Which is where the Trumpite invasion and insurrection at the U.S. Capitol on Jan. 6, in a coup try against the victory of Democratic nominee Joe Biden over his foe, GOP incumbent Trump, rears its ugly head. The insurrection and Trump’s prior record led the institute to attach that backsliding label to the U.S.
“Electoral integrity is increasingly being questioned, often without evidence, even in established democracies,” it says. “Disputes about electoral outcomes are on the rise. A historic turning point came in 2020–2021 when former President Donald Trump questioned the legitimacy of the 2020 election results in the United States.
“Baseless allegations of electoral fraud and related disinformation undermined fundamental trust in the electoral process, which culminated in the storming of the U.S. Capitol building in January 2021,” it adds.
The report says nothing about the GOP following Trump’s line like lemmings headed over a cliff. That’s because the report’s numerical evaluations, which began in 1975, run through 2020 in this report. It does, however, cite notable events affecting democracy so far this year—such as the insurrection.
Trump’s authoritarianism produces copycats worldwide
The report examined the state of democracies, hybrid governments—part-democratic and part-authoritarian—and dictatorships worldwide, and found democracy in retreat around the globe in 2020.
It also declares Trump’s authoritarian anti-democratic tilt produced copycat conduct by other would-be autocrats in other democracies, notably Brazilian President Jair Bolsonaro and Indian Prime Minister Narendra Modi.
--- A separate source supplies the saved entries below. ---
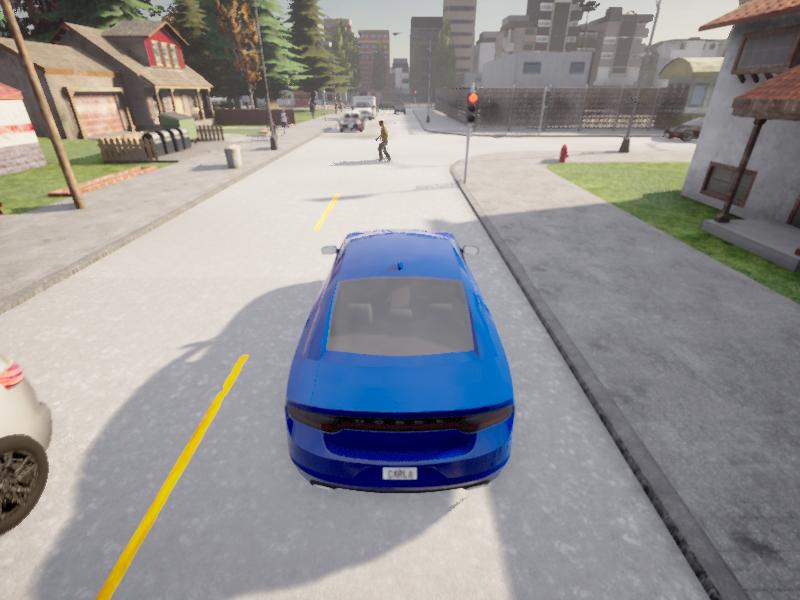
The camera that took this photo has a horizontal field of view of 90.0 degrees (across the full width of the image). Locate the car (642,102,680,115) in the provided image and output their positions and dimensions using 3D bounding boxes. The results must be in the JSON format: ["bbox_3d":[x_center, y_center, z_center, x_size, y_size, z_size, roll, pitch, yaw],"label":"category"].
[{"bbox_3d":[35.286,-25.941,54.257,3.633,1.501,1.845,0,28,0],"label":"car"}]

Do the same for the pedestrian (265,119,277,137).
[{"bbox_3d":[-9.025,-12.035,27.998,0.500,1.100,0.500,3,28,6],"label":"pedestrian"}]

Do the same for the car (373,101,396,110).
[{"bbox_3d":[-2.969,-37.346,76.854,3.806,1.475,1.970,18,33,31],"label":"car"}]

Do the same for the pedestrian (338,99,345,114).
[{"bbox_3d":[-7.957,-26.421,54.697,0.751,1.860,0.751,-8,29,-15],"label":"pedestrian"}]

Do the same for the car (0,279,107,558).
[{"bbox_3d":[-4.001,1.640,1.499,2.242,1.667,4.611,0,28,0],"label":"car"}]

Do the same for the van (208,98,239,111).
[{"bbox_3d":[-32.693,-36.328,74.215,4.480,2.038,2.069,0,28,0],"label":"van"}]

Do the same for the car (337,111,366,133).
[{"bbox_3d":[-3.946,-14.716,32.996,1.970,1.475,3.806,-1,28,-1],"label":"car"}]

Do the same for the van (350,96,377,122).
[{"bbox_3d":[-4.007,-21.495,44.939,2.351,2.431,6.366,0,28,0],"label":"van"}]

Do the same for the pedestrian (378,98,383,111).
[{"bbox_3d":[-3.140,-31.959,65.516,0.751,1.860,0.751,1,28,2],"label":"pedestrian"}]

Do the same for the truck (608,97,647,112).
[{"bbox_3d":[35.037,-30.165,61.798,4.478,2.038,2.069,0,28,0],"label":"truck"}]

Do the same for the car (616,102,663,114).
[{"bbox_3d":[34.873,-28.054,58.433,5.357,1.415,2.033,0,28,0],"label":"car"}]

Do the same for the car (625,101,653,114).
[{"bbox_3d":[34.713,-28.012,58.198,1.789,1.547,3.705,0,28,0],"label":"car"}]

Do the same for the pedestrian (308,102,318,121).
[{"bbox_3d":[-9.161,-19.828,42.084,0.751,1.860,0.751,0,28,0],"label":"pedestrian"}]

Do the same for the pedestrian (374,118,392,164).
[{"bbox_3d":[-0.795,-7.284,18.314,0.751,1.860,0.751,-2,28,-4],"label":"pedestrian"}]

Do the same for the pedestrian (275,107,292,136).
[{"bbox_3d":[-8.274,-12.707,28.463,0.751,1.860,0.751,3,28,6],"label":"pedestrian"}]

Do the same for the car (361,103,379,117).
[{"bbox_3d":[-3.980,-25.467,53.510,2.007,1.525,4.514,0,28,0],"label":"car"}]

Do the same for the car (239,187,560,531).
[{"bbox_3d":[0.000,-0.072,4.919,1.882,1.535,5.008,0,28,0],"label":"car"}]

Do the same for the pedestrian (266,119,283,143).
[{"bbox_3d":[-7.841,-10.582,25.002,0.751,1.300,0.751,-3,28,-5],"label":"pedestrian"}]

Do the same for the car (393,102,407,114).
[{"bbox_3d":[-0.004,-28.023,58.390,1.845,1.501,3.633,0,27,0],"label":"car"}]

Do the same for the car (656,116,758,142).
[{"bbox_3d":[20.411,-11.484,26.808,4.792,1.488,2.163,0,28,0],"label":"car"}]
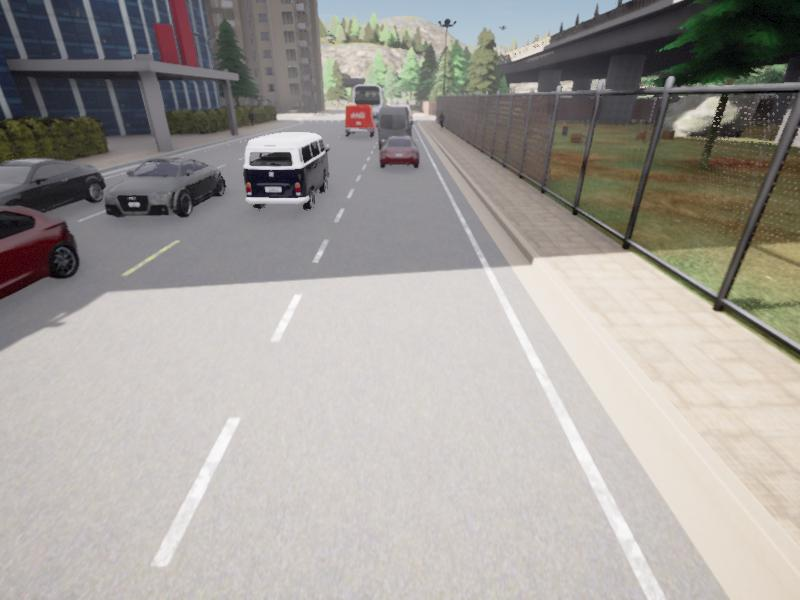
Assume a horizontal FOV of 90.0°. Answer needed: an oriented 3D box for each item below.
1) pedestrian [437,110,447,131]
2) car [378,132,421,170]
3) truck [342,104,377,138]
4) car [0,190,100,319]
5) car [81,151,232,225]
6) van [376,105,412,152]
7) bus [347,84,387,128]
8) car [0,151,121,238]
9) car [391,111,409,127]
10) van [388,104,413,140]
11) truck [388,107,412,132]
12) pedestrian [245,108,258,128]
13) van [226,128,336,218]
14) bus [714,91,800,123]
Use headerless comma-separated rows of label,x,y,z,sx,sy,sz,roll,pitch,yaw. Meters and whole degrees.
pedestrian,4.055,-17.340,38.659,0.751,1.860,0.751,0,27,-1
car,-0.007,-7.690,20.449,1.994,1.385,4.181,1,27,0
truck,-3.504,-16.197,36.035,2.627,2.467,5.204,0,27,0
car,-6.995,-0.450,5.922,1.816,1.474,4.193,0,27,0
car,-7.007,-3.558,12.193,1.994,1.385,4.181,0,27,-1
van,-0.267,-11.855,27.392,1.988,2.561,5.915,2,27,3
bus,-3.625,-23.103,47.710,3.944,4.253,10.273,0,26,0
car,-10.497,-3.185,11.332,1.812,1.442,4.674,0,27,0
car,-0.010,-22.471,49.552,2.128,1.511,4.902,0,27,0
van,0.000,-15.628,34.867,1.988,2.561,5.915,0,27,0
truck,-0.008,-19.228,42.480,2.390,2.098,6.274,0,27,0
pedestrian,-15.536,-19.071,41.870,0.751,1.860,0.751,0,27,-1
van,-3.499,-4.261,12.876,2.069,2.038,4.480,0,27,0
bus,57.242,-30.586,63.318,10.273,4.253,3.944,8,28,15

Both, like Trump, are extreme right-wingers and ethnocentric nationalists, to boot.
In another example, it said Myanmar’s (Burma’s) generals used similar lies about electoral fraud to oust Nobel Prize winner Aung San Suu Kyi, the nation’s first democratically elected prime minister.
The report discloses that due to worldwide democracy problems, both illustrated and worsened by the coronavirus pandemic, Trump wasn’t the sole leader the institute’s secretary-general, Kevin Casas-Zamora, and his organization’s report panned. Trump was just the most prominent.
“Democracy is at risk. Its survival is endangered by a perfect storm of threats, both from within and from a rising tide of authoritarianism,” Casas-Zamora’s introduction says.
“The Covid-19 pandemic has exacerbated these threats through the imposition of states of emergency, the spread of disinformation, and crackdowns on independent media and freedom of expression.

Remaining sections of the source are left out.